Als Rüdiger noch zur Schule ging, gab es diese Buchstabenfolge als Abkürzung noch gar nicht: L-R-S. Die sogenannte Lese-Rechtschreib-Schwäche verbarg sich hinter dieser Buchstabenkombination. Das, was man also viele Jahre später erst erkannt hat, war es, worunter Rüdiger als Schüler seit dem Schuleintritt gelitten hatte. Es war aber auch das, was ihn über die gesamte Schulzeit im Fach Deutsch zu einem schlechten Schüler abgestempelt hat. - Pech gehabt, könnte man meinen.

Später dann, er hatte es im Lesen zu einer gewissen Fertigkeit gebracht, war er mit seinem Leben trotz dieser Schwäche ganz gut zurechtgekommen.
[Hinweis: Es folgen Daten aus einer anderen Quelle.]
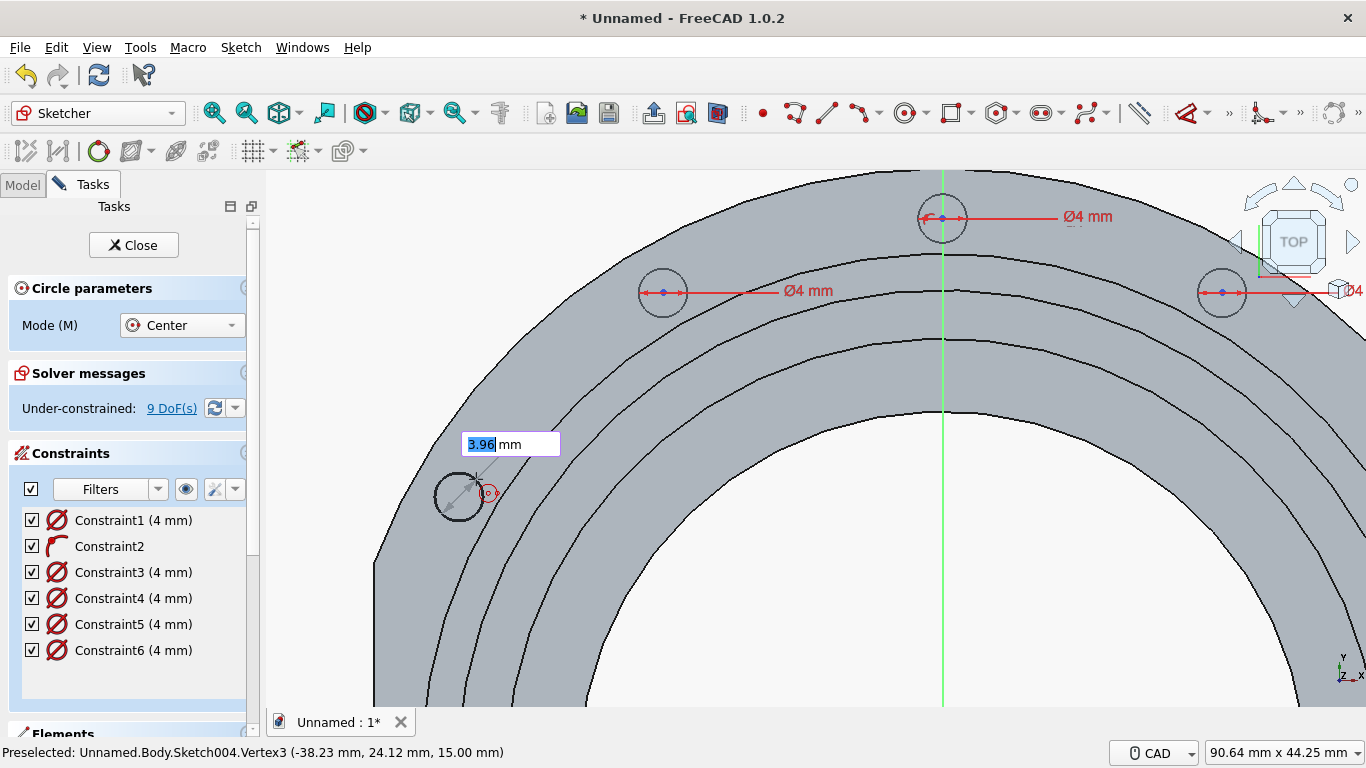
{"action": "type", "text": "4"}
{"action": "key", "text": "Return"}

Das Fatale war ja, dass ihm Sprache so gefiel, ihre Melodie, dieser Reichtum an Begriffen und die vielen Möglichkeiten, Dinge zu beschreiben, Gefühle auszudrücken, die Buntheit der Welt in so mannigfacher Weise darstellen zu können.
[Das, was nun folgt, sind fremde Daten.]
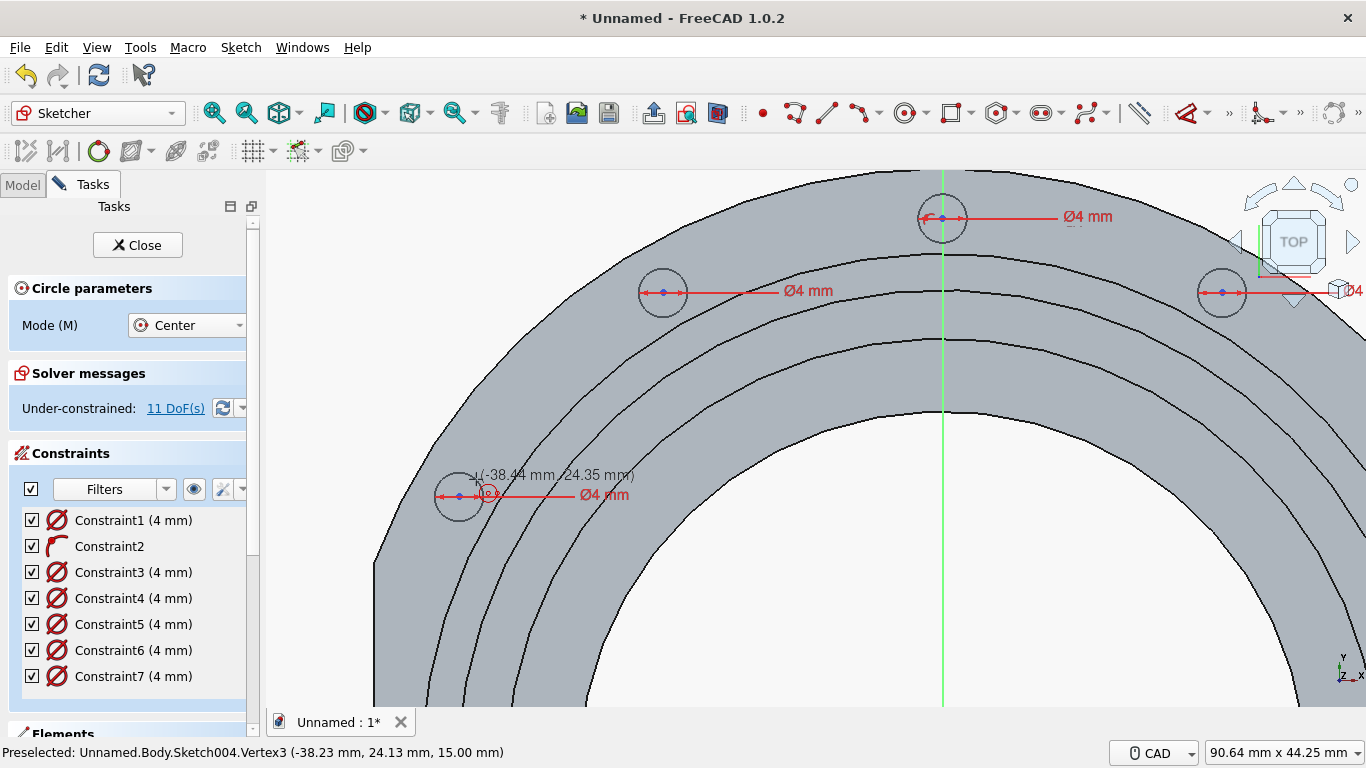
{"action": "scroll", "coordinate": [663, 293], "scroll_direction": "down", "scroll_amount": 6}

Als Rentner hatte er sich vor Jahren unter dem Pseudonym „Weißichnicht“ einer Gemeinschaft von über 60-jährigen angeschlossen, die im Netz für alle möglichen Interessen etwas anbietet. „Ichbinsofrei“ der Name dieser Organisation, in der er sich in verschiedenen Foren angemeldet hatte. Am liebsten las er in dem Forum „WortfürWort“, in dem die Mitglieder Geschichten aus ihrem Leben, ihrer Fantasie oder Träumen einstellen können. Nein, schreiben wollte und konnte er da nicht, doch lesen wollte er täglich in diesem Forum, da vielfach Belange seiner Altersgruppe zur Sprache kommen und er genau sie, diese Sprache eben, so sehr liebt, wenn sie in ihrer Schönheit ins Schwingen gebracht wird. Außerdem, und das ist wohl der Hauptgrund seines Interesses für das Forum „WortfürWort“, gibt es da den „WeißenSchleier“.
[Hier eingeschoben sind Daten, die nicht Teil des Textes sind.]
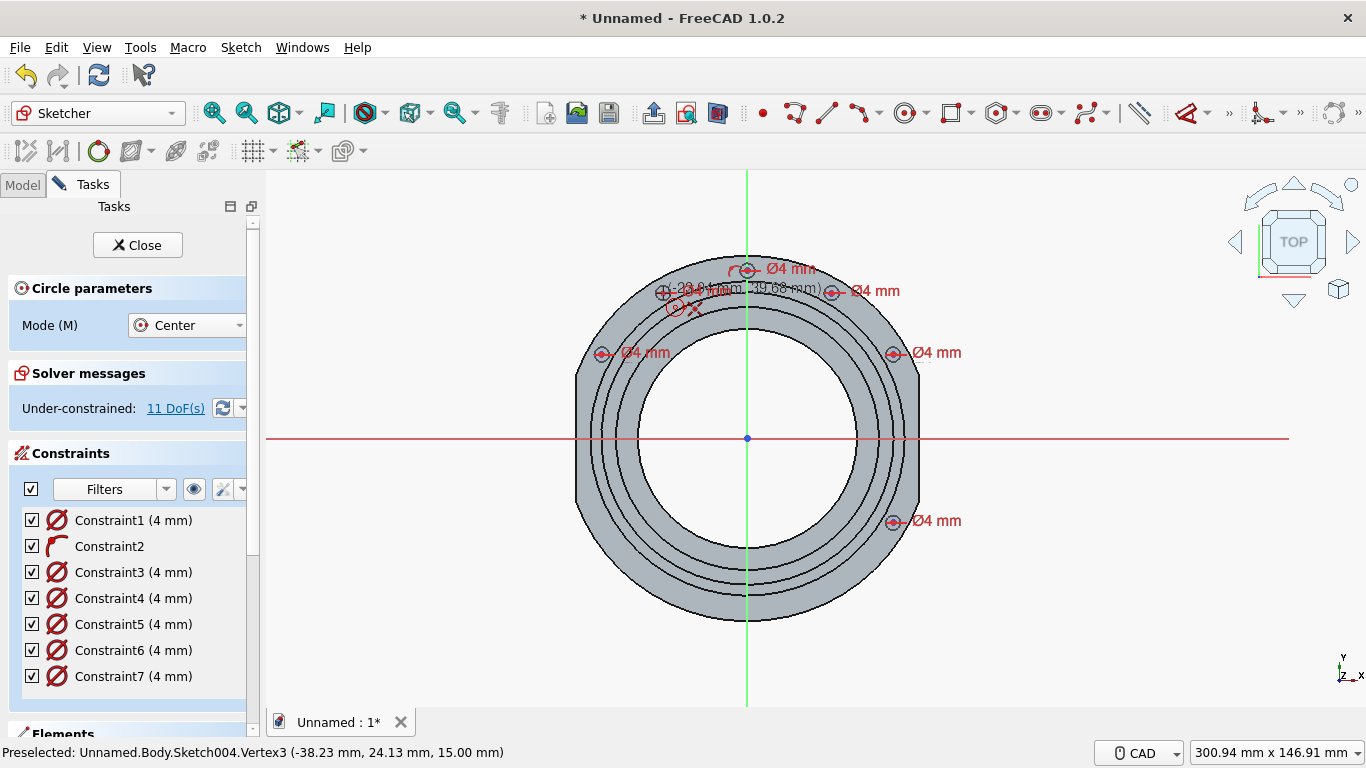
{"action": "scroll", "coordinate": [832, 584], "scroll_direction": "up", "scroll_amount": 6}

Weshalb sie das Pseudonym gewählt hat, weiß Rüdiger nicht. Er weiß jedoch aus ihrer Visitenkarte, dass sie Isabell heißt, im Badischen Raum lebt und eines kann, nämlich wunderschön schreiben. Wenn das Foto nicht zu alt ist, hat er sogar eine Vorstellung davon, wie sie aussehen mag. Er liebt ihre Schreibweise. Er ist begeistert von ihrem Stil, könnte sich manchmal geradezu in Formulierungen wälzen, wenn sie Dinge beschreibt oder ihre Gefühle durchscheinen lässt in einem Text. Präzise sind Worte gesetzt und doch lesen sich die Beiträge so locker, teils beschwingt und leicht, dass das Lesen selbst ihm Freude bereitet.

Rüdiger ist sich sicher, noch keinen Beitrag von ihr verpasst zu haben, seit er Mitglied bei „Ichbinsofrei“ ist. Jedes Mal, hat er von ihr einen Text gelesen, lässt er sich in seinem Bürostuhl, der vor dem Schreibtisch mit dem PC steht, zurückfallen, schließt er die Augen und lässt die Geschichte noch einmal gedanklich vorüberziehen, um dann -hie und da- nach Stellen zu suchen, die ihm sprachlich besonders gut gefallen haben. Dann aber, das ist der Höhepunkt nach einer Geschichte von „WeißerSchleier“, klickt er auf das kleine Herz das man alternativ zu einem Kommentar zu der Geschichte anklicken kann. Ja, manchmal, ganz selten zwar, wenn er meint vor lauter Begeisterung zu platzen, dann klickt er nicht nur auf das Herz, sondern schreibt außerdem in die Zeile für den Kommentar vielleicht ein Wort oder gar drei. „Schön“ oder „Ach wie schön“. Mehr zu schreiben, traut er sich nicht, denn was soll er denn machen, wenn sie ihm gar antwortet? Es ist so. Am liebsten vergibt er ein Herzchen. Er kann anonym bleiben und bloßstellen muss er sich auch nicht mit seiner Schreibschwäche.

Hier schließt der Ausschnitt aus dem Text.